Il neo premier esordisce presentandosi ufficialmente nel ruolo che gli è stato affidato dai capi partito che lo sorreggono: «Garante dell'attuazione del Contratto per il Governo del cambiamento», con tanto di maiuscole nel testo scritto che fa diffondere. E riesce a suscitare anche un attimo di incredula ilarità nelle file dell'opposizione quando, con aria solenne e compunta, sottolinea il «cambiamento radicale di cui siamo orgogliosi» nella gestazione di questo governo, rispetto a «prassi che prevedevano scambi nel chiuso di conciliaboli tra leader politici, per lo più incentrati sulla ripartizione di ruoli personali». Cancellando d'un tratto novanta giorni di blindatissimi vertici Salvini-Di Maio sul tema «Faccio il premier io», «No, tu no». Un altro momento di indignazione dai banchi Pd e Forza Italia si scatena quando il neo premier (mostrando tutta la sua inesperienza in materia di rapporti parlamentari) declama: «Al fine di onorare la centralità del Parlamento, vi anticipo sin d'ora che è mia intenzione applicare l'istituto delle interrogazioni a risposta immediata». Ossia qualcosa che, con il nome di Question time, si fa da varie legislature, con tanto di diretta tv, ma che il neofita Conte sbandiera come segno del «cambiamento radicale». Per non parlare delle proteste che si scatenano quando il Presidente del Consiglio lancia un chiaro e tondo appello al trasformismo dei voltagabbana, quelli che la sua maggioranza annunciava di volere espellere dal Parlamento: «Siamo disponibili a valutare l'apporto di gruppi che vorranno condividere il nostro cammino e aderire successivamente al nostro contratto di governo».
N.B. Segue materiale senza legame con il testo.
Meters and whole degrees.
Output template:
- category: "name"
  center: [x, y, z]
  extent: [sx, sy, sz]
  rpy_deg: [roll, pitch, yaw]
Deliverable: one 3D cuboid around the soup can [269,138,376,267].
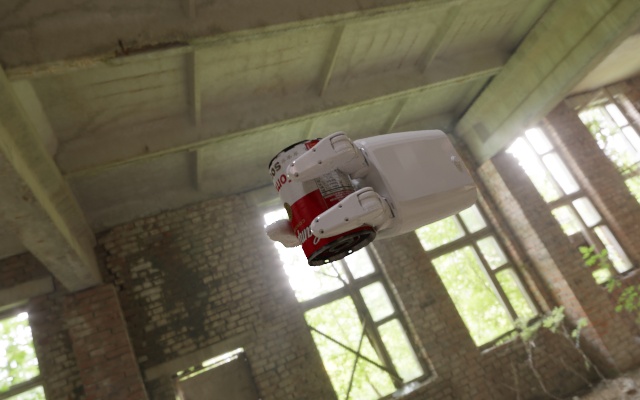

Per il resto, il discorso («Tutto di suo pugno», giura il boss della Comunicazione casaleggiana, Rocco Casalino, ora in forza a Palazzo Chigi) è un lungo elenco di buoni propositi e uno slalom tra istanze grilline e leghiste, slogan da campagna elettorale e necessità del governo e dei rapporti internazionali. Un inchino a Putin («Siamo fautori di un'apertura alla Russia») e un omaggio alla Nato; una strizzata d'occhio agli anti-Europa e una alla Ue. Tanto che l'istituto YouTrend calcola che la formula più usata dal prof è il celebre, veltroniano «Ma anche».
Se ne accorge Ignazio La Russa, che nel suo intervento gli fa tana: «Ha ripetuto ma anche 51 volte, come certi capi della sinistra...». E anche sugli sfoggi di erudizione l'incidente è in agguato: Conte evoca il discorso di Dostevskij su Puskin. Peccato sia una citazione presa pari pari da un recente intervento di Macron.